Attendees also had the opportunity to Meet the vLLM Maintainers (Tyler Michael Smith and Nicolo Lucchesi) and Meet the Ray Maintainers (Artur Niederfahrenhorst).

Community Expo and Networking

The Community Expo ran throughout both days, giving attendees the chance to explore demos, connect with project maintainers, and discover new tools in the ecosystem. Sponsor activities included a session on “Validating AI on CPUs: The vLLM 3-Phase Evaluation Framework” and “Lobster Trap: OpenClaw in Containers.”

Key Themes and Takeaways

The open source AI stack is maturing. With Helion and Safetensors joining as hosted-projects and ExecuTorch becoming part of PyTorch Core, the PyTorch ecosystem now covers an even wider range of the AI lifecycle. From secure model distribution to edge deployment to high-performance kernel authoring, these projects fill critical gaps.

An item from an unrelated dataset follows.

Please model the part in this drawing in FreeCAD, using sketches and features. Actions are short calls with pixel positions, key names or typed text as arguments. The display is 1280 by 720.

Inference is the new frontier. A large share of sessions focused on production deployment, from vLLM and LLM serving optimizations to ExecuTorch on microcontrollers and in-browser inference with Transformers.js. The community is clearly moving beyond training and into making models work in the real world.

Agentic AI demands new infrastructure. Several sessions tackled the unique challenges of agentic systems, including rethinking Identity and Access Management (IAM), building trust through evaluation, and securing agentic pipelines. This is a space to watch.

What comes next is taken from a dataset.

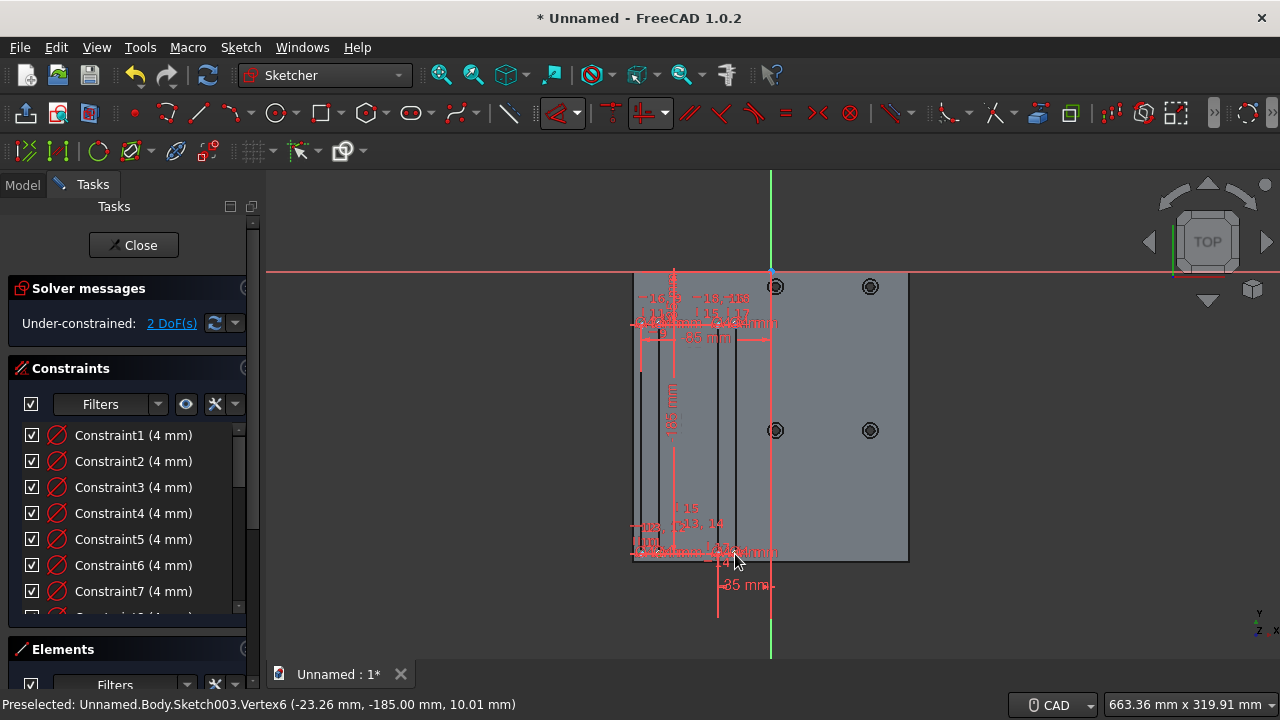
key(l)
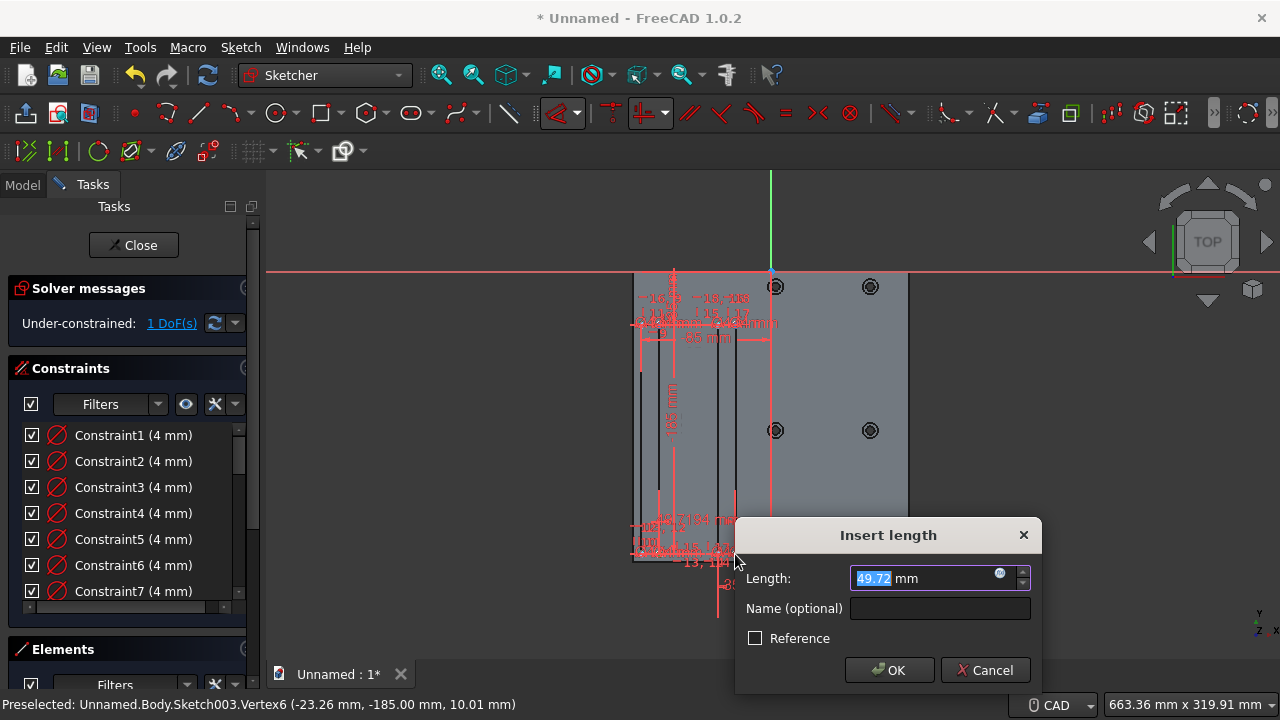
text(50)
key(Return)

Europe is stepping up. From EU AI Act compliance sessions to talks on data sovereignty and cloud migration, the conference reflected Europe’s growing role in shaping responsible AI development. The inaugural European conference was a milestone for the global community.

Hardware diversity is expanding. Sessions covered AMD ROCm, Arm SME2, Google TPUs, NVIDIA Blackwell, RISC-V, NXP microcontrollers, Qualcomm QNN, and Intel OpenVINO. PyTorch’s hardware portability story has never been stronger.

Thank You, Paris

PyTorch Conference Europe 2026 was a landmark event for the community. To every sponsor, speaker, poster presenter, and attendee who joined us in Paris: thank you. The energy, the technical depth, and the spirit of open collaboration were truly remarkable. Hats of to the PyTorchCon Europe Program Chairs: Alban Desmaison, Lysandre Debut, and Luca Antiga and the full Program Committee for putting together a successful event!

All session recordings will be available on the PyTorch YouTube Channel. Browse the full photo album from the event on Flickr.

See you at our next PyTorch Conferences including PyTorch Conference China – September 8-9 in Shanghai, China and PyTorch Conference North America – October 20-21 in San Jose, CA later this year.